When to Use try/catch

This is the most important section for writing clean middleware code. Understanding when to use (and skip) try/catch will save you from writing unnecessary code.


The Golden Rule

Only wrap external API calls in try/catch.

If you're calling methods from your integration's api object, they already normalize errors. No try/catch needed.


Scenario 1: Integration Methods (Skip try/catch)

When this applies

You're calling methods like:

  • api.getCart()
  • api.addCartEntry()
  • api.getProduct()
  • Any method from context.getApiClient()

Why skip try/catch?

Integration methods already throw normalized HttpError instances with proper status codes.
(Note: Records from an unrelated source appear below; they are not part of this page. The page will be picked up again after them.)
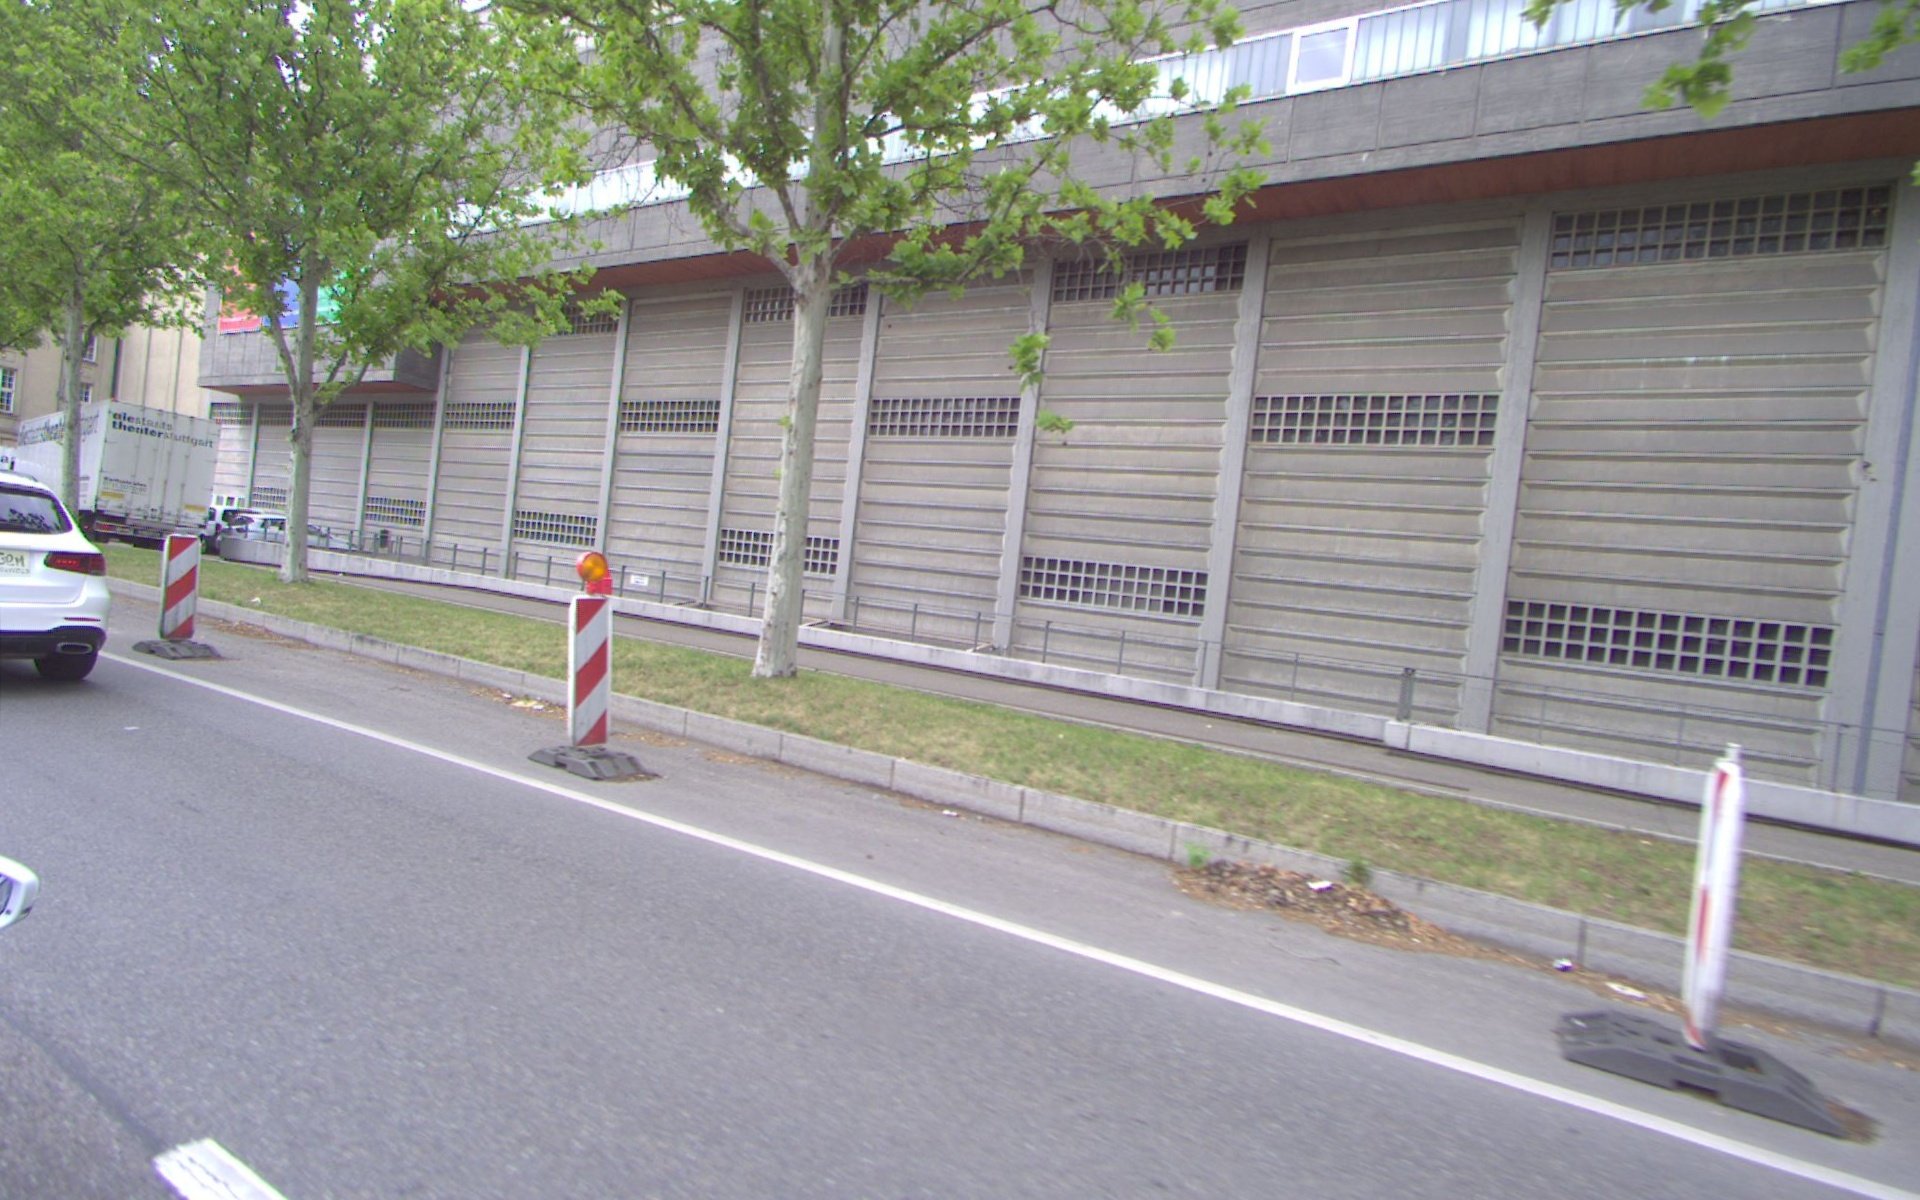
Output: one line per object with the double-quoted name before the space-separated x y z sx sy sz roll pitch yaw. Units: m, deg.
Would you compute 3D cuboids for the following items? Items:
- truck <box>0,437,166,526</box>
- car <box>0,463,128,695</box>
"truck" -42.216 -5.563 45.074 2.526 3.088 10.040 6 0 31
"car" -8.884 -0.385 8.178 4.475 1.665 1.812 7 3 30

Wrapping them in try/catch is redundant.

Example

export const updateCart = async (context, args) => {
  const { api } = await context.getApiClient();
  
  // ✅ No try/catch needed
  const { data: cart } = await api.getCart({ cartId: args.cartId });
  await api.addCartEntry({ cartId: args.cartId, sku: args.sku });
  
  return normalizeCart(cart);
};

Think of integration methods as "already safe" — they handle error normalization for you.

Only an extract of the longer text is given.